* What you will do:
Each entry must appear in the answer exactly as written.

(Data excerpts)
=== Section Start ===

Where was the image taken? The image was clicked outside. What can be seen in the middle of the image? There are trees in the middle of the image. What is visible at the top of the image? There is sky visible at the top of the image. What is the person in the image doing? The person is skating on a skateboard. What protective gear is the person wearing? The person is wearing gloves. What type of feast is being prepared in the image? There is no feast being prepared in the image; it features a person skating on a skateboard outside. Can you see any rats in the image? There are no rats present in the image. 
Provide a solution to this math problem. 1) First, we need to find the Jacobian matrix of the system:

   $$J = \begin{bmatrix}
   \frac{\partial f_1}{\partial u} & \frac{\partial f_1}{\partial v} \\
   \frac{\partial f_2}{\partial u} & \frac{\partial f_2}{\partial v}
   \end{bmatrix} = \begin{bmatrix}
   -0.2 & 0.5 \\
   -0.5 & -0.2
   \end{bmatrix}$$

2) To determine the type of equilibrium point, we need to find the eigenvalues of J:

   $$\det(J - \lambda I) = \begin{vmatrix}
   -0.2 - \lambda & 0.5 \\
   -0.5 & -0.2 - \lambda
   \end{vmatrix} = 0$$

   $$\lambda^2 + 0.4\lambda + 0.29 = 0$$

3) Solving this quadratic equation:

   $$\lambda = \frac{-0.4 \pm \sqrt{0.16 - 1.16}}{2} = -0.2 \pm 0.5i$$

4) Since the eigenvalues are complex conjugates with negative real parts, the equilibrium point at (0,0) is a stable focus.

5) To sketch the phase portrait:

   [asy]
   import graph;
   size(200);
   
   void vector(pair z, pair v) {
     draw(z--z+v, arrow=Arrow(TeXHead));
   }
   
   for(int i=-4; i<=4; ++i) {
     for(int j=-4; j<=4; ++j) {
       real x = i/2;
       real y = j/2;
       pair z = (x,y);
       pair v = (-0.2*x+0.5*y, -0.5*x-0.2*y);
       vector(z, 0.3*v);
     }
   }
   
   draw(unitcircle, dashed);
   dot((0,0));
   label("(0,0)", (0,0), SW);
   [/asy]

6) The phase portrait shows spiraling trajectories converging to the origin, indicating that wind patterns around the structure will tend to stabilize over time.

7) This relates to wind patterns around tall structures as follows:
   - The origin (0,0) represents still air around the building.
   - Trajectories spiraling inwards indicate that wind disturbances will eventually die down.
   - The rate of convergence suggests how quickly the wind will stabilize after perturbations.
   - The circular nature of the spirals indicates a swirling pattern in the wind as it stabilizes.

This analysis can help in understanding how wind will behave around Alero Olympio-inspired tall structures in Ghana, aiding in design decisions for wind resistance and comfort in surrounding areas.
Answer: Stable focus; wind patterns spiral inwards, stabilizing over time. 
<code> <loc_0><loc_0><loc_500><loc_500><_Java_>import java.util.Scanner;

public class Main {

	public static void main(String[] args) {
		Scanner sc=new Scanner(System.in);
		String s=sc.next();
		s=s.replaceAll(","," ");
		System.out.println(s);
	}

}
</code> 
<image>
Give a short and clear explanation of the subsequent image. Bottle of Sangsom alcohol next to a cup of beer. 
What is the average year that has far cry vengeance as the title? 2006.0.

=== Section End ===

* Response for this exercise:
Where was the image taken? The image was clicked outside. What can be seen in the middle of the image? There are trees in the middle of the image. What is visible at the top of the image? There is sky visible at the top of the image. What is the person in the image doing? The person is skating on a skateboard. What protective gear is the person wearing? The person is wearing gloves. What type of feast is being prepared in the image? There is no feast being prepared in the image; it features a person skating on a skateboard outside. Can you see any rats in the image? There are no rats present in the image. 
Provide a solution to this math problem. 1) First, we need to find the Jacobian matrix of the system:

   $$J = \begin{bmatrix}
   \frac{\partial f_1}{\partial u} & \frac{\partial f_1}{\partial v} \\
   \frac{\partial f_2}{\partial u} & \frac{\partial f_2}{\partial v}
   \end{bmatrix} = \begin{bmatrix}
   -0.2 & 0.5 \\
   -0.5 & -0.2
   \end{bmatrix}$$

2) To determine the type of equilibrium point, we need to find the eigenvalues of J:

   $$\det(J - \lambda I) = \begin{vmatrix}
   -0.2 - \lambda & 0.5 \\
   -0.5 & -0.2 - \lambda
   \end{vmatrix} = 0$$

   $$\lambda^2 + 0.4\lambda + 0.29 = 0$$

3) Solving this quadratic equation:

   $$\lambda = \frac{-0.4 \pm \sqrt{0.16 - 1.16}}{2} = -0.2 \pm 0.5i$$

4) Since the eigenvalues are complex conjugates with negative real parts, the equilibrium point at (0,0) is a stable focus.

5) To sketch the phase portrait:

   [asy]
   import graph;
   size(200);
   
   void vector(pair z, pair v) {
     draw(z--z+v, arrow=Arrow(TeXHead));
   }
   
   for(int i=-4; i<=4; ++i) {
     for(int j=-4; j<=4; ++j) {
       real x = i/2;
       real y = j/2;
       pair z = (x,y);
       pair v = (-0.2*x+0.5*y, -0.5*x-0.2*y);
       vector(z, 0.3*v);
     }
   }
   
   draw(unitcircle, dashed);
   dot((0,0));
   label("(0,0)", (0,0), SW);
   [/asy]

6) The phase portrait shows spiraling trajectories converging to the origin, indicating that wind patterns around the structure will tend to stabilize over time.

7) This relates to wind patterns around tall structures as follows:
   - The origin (0,0) represents still air around the building.
   - Trajectories spiraling inwards indicate that wind disturbances will eventually die down.
   - The rate of convergence suggests how quickly the wind will stabilize after perturbations.
   - The circular nature of the spirals indicates a swirling pattern in the wind as it stabilizes.

This analysis can help in understanding how wind will behave around Alero Olympio-inspired tall structures in Ghana, aiding in design decisions for wind resistance and comfort in surrounding areas.
Answer: Stable focus; wind patterns spiral inwards, stabilizing over time. 
<code> <loc_0><loc_0><loc_500><loc_500><_Java_>import java.util.Scanner;

public class Main {

	public static void main(String[] args) {
		Scanner sc=new Scanner(System.in);
		String s=sc.next();
		s=s.replaceAll(","," ");
		System.out.println(s);
	}

}
</code> 
<image>
Give a short and clear explanation of the subsequent image. Bottle of Sangsom alcohol next to a cup of beer. 
What is the average year that has far cry vengeance as the title? 2006.0.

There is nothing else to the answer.